## Data shown
--------------------

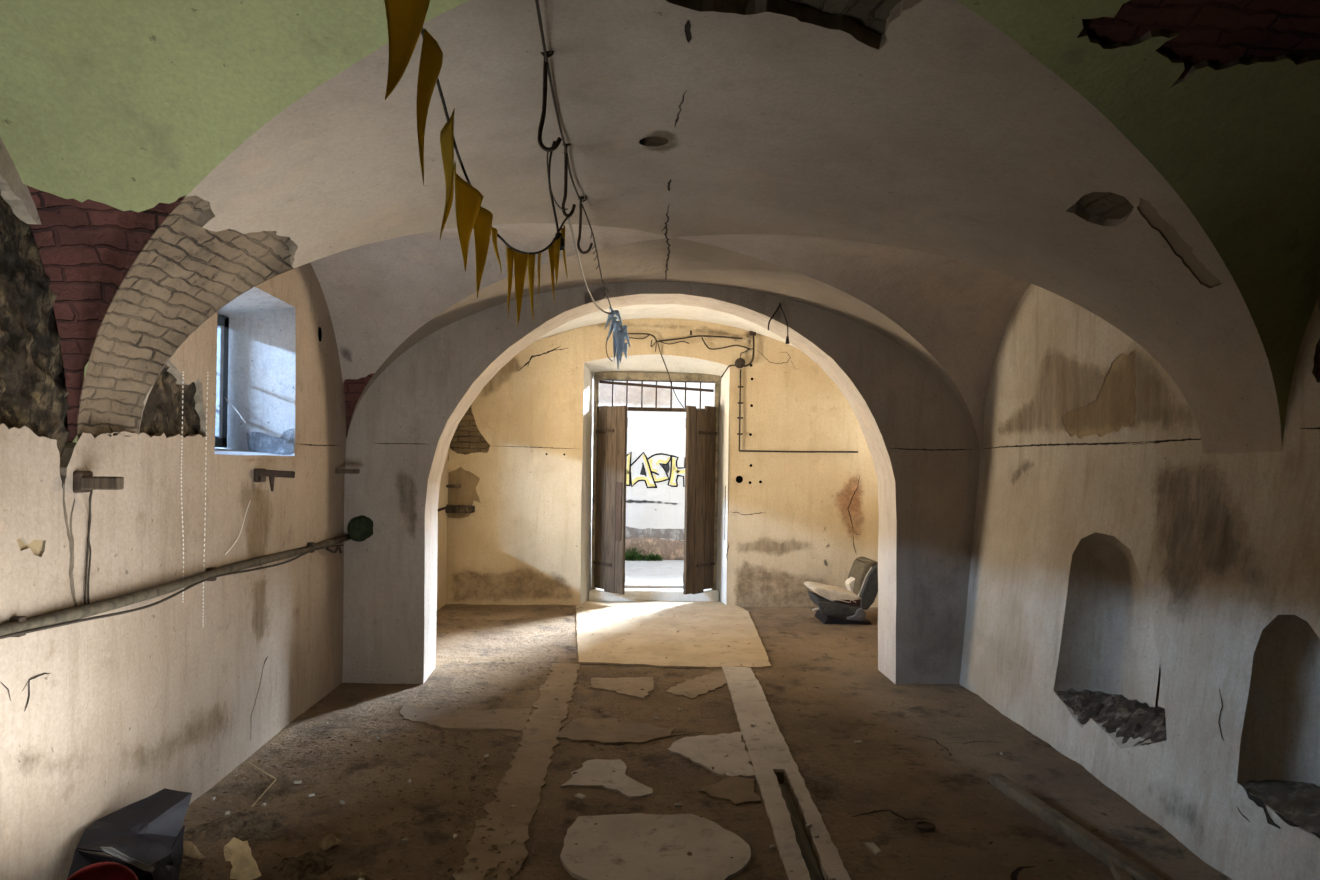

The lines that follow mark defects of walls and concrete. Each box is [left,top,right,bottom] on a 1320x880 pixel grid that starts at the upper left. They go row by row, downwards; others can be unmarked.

spalling [666,0,923,50]
spalling [1077,0,1320,88]
spalling [0,175,298,488]
spalling [447,406,490,518]

--------------------

## Instructions for the task
Leaving the pictures out, output each line of the listing exactly.

## Written reply
The lines that follow mark defects of walls and concrete. Each box is [left,top,right,bottom] on a 1320x880 pixel grid that starts at the upper left. They go row by row, downwards; others can be unmarked.

spalling [666,0,923,50]
spalling [1077,0,1320,88]
spalling [0,175,298,488]
spalling [447,406,490,518]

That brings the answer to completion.